Cela venait d’Air, et elle semblait paniquée. Elle avait dû se rendre compte de la puissance de la fille d’ébène.

Tais-toi… Malheureusement, Rain avait décidé d’ignorer son conseil. L’autre jour, elle lui avait dit de ne pas se battre, de rejeter sa raison de vivre. L’entendre le répéter avait stimulé son esprit immature et rebelle.

Rain pointa le canon de son arme sur la fille d’ébène et tira une balle en argent pour effacer son existence.

Disparais. Je vais t’effacer, ici et maintenant ! Il ignora l’avertissement d’Air et attaqua, sans se rendre compte à quel point il était dépassé.

Ah… !

Un frisson glacial frappa Rain. Quelque chose… Quelque chose lui semblait terriblement, et inexplicablement problématique. Les Mages possédaient la Qualia, un sixième sens qui leur permettait de prévoir l’avenir immédiat afin de détecter les dangers. Grâce à cette capacité, ils évitaient souvent les menaces d’un seul pas. Et pourtant, Rain avait fait un pas en avant par réflexe.

C’était une action totalement inconsciente. Même Rain ne comprenait pas pourquoi il l’avait fait.

« … Tu viens de réagir, » dit une voix juste derrière lui.

« Quoi… ? »

« Tu n’es pas un mage ordinaire. »

La personne qui parlait était assez proche pour le toucher. Le pilote de l’Exelia devant lui était soudainement apparu derrière lui avec son épée…

« J’ai essayé de poignarder ton cœur, mais j’ai raté. »

… une arme qui n’aurait jamais dû être utilisée dans une bataille…

« Gaaah, aaah... »

… avait été enfoncé directement dans la poitrine gauche de Rain, traversant son poumon et ses côtes.

« Aaah, gaaaaaaaaaaaaaaaaaaaah ! »

Au moment où Rain avait réalisé ce qui s’était passé, la douleur avait parcouru son corps. Elle avait manqué son cœur, mais elle avait quand même percé son poumon et son abdomen. La douleur qu’il avait ressentie à ce moment-là était pire que toutes les blessures qu’il avait subies réunie.

Qu’est-ce que… !?

Qu’est-ce qui vient de se passer ?

Je ne peux pas dire… Qu’est-ce qu’elle a fait ?

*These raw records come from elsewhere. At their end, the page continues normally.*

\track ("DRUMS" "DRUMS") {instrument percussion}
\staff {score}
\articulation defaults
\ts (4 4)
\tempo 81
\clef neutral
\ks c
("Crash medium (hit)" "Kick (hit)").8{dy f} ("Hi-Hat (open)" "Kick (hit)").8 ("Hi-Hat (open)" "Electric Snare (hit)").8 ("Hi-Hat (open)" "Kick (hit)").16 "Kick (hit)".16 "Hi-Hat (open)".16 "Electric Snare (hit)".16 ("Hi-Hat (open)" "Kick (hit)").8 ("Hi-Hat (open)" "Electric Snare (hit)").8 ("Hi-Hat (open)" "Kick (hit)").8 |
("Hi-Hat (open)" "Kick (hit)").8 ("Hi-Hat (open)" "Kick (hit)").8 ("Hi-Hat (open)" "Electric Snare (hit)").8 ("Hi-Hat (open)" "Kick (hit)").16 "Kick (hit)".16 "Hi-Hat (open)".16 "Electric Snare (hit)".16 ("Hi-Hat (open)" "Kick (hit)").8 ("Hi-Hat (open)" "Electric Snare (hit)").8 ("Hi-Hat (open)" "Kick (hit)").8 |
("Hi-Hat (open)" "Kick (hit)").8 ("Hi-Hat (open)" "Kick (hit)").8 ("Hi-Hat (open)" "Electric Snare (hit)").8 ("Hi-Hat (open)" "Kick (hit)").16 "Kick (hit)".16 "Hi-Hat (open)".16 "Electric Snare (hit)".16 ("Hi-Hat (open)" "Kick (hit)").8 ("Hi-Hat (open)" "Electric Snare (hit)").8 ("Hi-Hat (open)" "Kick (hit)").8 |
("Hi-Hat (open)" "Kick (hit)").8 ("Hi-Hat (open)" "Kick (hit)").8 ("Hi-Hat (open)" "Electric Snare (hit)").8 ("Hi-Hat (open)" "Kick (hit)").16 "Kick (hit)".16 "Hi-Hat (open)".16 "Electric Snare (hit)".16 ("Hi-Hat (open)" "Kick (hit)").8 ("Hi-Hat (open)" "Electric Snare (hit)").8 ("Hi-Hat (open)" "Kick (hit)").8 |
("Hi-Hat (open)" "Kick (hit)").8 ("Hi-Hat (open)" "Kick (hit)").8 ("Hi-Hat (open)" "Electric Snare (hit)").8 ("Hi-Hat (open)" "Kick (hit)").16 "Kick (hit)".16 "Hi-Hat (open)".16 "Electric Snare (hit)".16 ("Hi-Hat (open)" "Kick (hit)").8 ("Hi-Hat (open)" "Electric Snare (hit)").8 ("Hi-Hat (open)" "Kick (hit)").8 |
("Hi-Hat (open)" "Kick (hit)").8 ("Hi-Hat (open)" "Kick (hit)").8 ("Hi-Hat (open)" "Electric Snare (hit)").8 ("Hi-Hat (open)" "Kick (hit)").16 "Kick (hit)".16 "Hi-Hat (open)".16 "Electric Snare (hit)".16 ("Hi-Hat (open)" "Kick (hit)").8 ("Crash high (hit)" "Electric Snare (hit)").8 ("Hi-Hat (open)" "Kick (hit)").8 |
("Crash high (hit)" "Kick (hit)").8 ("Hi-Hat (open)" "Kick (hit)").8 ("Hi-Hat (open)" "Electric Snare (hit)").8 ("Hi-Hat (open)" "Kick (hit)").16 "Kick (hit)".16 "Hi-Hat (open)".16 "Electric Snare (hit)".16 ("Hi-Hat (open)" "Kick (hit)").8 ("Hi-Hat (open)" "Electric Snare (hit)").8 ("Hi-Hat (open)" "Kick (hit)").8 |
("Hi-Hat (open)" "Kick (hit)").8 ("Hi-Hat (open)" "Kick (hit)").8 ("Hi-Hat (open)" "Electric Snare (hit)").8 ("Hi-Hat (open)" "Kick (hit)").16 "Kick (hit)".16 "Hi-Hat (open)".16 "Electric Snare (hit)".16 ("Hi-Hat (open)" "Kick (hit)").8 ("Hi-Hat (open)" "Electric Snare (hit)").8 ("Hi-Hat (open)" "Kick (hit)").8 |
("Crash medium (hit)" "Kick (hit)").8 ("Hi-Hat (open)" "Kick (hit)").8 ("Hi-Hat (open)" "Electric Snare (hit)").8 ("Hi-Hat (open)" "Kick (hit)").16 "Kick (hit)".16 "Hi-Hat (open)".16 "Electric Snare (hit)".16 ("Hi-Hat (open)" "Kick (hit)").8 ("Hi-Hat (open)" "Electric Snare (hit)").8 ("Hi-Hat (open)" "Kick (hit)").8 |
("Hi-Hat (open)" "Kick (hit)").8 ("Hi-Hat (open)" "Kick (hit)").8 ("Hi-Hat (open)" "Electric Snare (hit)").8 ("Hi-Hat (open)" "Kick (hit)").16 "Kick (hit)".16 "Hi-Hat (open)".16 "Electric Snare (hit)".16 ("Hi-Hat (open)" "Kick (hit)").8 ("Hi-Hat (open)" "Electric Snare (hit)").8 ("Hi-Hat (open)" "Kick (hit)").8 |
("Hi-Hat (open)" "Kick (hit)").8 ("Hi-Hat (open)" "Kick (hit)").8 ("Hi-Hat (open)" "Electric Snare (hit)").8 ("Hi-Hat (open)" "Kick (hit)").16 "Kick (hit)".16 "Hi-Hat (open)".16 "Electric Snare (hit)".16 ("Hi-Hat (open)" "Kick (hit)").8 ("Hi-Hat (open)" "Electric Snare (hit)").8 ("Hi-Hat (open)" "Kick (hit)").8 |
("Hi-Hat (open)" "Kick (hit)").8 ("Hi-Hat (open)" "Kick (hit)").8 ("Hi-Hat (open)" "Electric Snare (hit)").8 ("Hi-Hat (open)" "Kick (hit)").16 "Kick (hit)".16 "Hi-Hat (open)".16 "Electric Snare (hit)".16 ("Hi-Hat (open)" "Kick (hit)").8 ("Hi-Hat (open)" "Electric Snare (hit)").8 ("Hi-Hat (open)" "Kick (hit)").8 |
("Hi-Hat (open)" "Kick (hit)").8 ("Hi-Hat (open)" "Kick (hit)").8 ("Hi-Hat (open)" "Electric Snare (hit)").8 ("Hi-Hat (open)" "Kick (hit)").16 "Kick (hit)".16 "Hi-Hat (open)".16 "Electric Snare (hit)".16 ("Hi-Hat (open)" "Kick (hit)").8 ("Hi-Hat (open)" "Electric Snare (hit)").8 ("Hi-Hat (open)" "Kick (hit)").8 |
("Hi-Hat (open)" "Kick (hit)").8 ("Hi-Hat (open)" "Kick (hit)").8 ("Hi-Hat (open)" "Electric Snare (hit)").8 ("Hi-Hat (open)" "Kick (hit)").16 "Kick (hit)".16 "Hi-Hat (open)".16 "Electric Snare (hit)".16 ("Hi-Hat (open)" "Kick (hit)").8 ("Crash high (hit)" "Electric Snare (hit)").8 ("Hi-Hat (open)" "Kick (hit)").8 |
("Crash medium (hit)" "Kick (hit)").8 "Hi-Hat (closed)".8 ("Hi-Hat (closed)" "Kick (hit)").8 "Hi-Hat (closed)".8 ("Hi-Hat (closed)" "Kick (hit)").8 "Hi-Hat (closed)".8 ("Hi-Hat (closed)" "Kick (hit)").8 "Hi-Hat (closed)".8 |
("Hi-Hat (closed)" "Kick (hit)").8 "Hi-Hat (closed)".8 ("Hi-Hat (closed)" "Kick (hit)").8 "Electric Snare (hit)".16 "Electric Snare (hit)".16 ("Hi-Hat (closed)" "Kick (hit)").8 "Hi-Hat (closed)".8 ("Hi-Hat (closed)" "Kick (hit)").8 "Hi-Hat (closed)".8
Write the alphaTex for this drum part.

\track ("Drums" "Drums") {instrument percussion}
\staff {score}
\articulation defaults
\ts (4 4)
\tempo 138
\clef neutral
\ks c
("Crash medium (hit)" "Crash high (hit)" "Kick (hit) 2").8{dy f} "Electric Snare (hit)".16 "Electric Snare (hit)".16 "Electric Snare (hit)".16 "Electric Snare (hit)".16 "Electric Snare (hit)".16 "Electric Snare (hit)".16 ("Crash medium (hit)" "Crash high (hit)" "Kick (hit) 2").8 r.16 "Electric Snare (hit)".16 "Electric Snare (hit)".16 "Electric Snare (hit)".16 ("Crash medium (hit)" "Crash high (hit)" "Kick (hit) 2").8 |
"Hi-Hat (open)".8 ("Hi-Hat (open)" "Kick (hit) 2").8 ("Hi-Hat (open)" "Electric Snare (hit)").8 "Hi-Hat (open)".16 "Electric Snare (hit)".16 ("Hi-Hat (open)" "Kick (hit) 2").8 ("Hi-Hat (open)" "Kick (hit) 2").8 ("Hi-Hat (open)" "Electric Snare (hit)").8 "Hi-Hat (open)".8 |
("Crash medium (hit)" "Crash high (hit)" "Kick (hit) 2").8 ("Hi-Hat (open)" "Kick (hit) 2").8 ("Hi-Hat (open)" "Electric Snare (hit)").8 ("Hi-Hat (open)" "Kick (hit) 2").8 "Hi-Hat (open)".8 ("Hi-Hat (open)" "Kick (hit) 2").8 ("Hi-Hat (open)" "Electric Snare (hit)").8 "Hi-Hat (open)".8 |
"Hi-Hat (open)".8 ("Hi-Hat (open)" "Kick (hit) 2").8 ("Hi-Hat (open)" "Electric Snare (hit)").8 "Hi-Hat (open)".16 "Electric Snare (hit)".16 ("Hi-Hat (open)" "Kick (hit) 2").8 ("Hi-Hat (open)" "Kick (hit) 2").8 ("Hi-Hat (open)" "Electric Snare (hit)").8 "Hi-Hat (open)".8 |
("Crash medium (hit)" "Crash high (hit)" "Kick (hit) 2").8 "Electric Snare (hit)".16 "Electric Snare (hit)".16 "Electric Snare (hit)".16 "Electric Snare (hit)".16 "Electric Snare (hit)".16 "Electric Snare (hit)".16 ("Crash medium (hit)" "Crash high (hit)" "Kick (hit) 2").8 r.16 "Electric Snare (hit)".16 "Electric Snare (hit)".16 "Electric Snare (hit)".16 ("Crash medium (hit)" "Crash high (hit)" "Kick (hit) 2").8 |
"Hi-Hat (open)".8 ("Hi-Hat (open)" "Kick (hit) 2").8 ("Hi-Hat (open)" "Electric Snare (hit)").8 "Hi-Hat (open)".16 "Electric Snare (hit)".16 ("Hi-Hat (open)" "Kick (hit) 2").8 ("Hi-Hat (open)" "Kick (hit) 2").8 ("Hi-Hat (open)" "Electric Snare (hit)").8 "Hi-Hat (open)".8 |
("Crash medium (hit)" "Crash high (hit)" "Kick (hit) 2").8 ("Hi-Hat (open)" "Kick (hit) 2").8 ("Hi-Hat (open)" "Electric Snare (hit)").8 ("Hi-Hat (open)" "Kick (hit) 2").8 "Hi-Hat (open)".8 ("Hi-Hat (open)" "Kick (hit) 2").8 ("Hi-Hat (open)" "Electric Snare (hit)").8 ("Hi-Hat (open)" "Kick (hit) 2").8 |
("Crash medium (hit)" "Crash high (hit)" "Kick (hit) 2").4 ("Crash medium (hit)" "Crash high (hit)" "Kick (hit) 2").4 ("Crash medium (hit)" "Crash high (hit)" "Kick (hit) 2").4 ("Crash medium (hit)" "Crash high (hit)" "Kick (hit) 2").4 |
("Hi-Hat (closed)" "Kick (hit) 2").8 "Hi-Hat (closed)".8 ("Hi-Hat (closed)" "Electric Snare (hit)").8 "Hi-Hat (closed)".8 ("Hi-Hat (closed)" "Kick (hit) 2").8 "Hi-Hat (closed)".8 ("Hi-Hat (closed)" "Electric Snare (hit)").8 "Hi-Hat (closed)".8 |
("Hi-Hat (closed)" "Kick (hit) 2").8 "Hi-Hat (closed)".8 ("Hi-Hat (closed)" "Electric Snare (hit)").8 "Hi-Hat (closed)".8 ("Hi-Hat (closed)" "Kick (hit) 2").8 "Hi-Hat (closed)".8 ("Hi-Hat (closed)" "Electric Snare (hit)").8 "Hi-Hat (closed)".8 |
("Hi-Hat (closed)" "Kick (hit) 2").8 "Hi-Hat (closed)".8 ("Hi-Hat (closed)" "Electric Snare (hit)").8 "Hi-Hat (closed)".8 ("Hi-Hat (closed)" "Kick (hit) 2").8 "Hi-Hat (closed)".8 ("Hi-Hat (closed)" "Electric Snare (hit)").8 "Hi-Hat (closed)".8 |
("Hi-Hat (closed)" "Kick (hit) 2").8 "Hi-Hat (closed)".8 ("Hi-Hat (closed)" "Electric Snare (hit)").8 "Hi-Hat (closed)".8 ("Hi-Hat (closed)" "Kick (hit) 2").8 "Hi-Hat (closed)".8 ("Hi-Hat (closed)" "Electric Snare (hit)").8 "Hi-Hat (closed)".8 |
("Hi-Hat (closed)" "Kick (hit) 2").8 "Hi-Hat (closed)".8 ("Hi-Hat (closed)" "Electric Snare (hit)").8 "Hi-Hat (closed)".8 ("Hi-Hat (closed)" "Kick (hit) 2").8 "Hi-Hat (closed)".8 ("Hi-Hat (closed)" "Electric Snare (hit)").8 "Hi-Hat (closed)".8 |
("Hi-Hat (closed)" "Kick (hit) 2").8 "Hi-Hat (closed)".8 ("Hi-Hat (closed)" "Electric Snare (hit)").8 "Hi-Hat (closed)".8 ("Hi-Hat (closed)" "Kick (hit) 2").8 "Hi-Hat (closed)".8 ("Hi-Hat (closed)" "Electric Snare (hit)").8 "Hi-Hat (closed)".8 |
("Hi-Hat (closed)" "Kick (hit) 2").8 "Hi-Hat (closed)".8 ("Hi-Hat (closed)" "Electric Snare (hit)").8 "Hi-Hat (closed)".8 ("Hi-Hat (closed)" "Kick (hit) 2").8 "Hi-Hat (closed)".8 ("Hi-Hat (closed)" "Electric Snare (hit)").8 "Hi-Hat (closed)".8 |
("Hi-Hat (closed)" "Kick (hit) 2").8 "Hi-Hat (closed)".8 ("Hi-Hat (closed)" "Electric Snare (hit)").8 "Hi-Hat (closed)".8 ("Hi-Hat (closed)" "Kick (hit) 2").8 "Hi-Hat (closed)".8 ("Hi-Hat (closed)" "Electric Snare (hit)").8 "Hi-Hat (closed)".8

Ses pensées avaient disparu dans une mer de rouge. La confusion l’avait envahi. Rien n’avait de sens. Ni le moment où il avait été poignardé, ni la logique de ce qui avait pu se passer, ni la méthode avec laquelle la fille était soudainement apparue derrière lui. Tout cela était totalement incompréhensible.

« C’est dommage que je doive te tuer ici. Mais à la guerre, les jeunes soldats talentueux disparaissent toujours comme des bulles dans l’océan, alors… si tu dois en vouloir à quelque chose, en vouloir à cette terrible époque dans laquelle nous vivons. Garde ta rage pour ce conflit… »

Sur ce, la jeune fille resserra sa prise sur la poignée de l’épée. Une simple torsion suffisait à enfoncer la lame dans le cœur de Rain. Cependant, au moment où elle se préparait à porter le coup fatal…

« Ah… ! »

… une explosion secoua le train, et un torrent de flammes avait jailli du sol sous eux.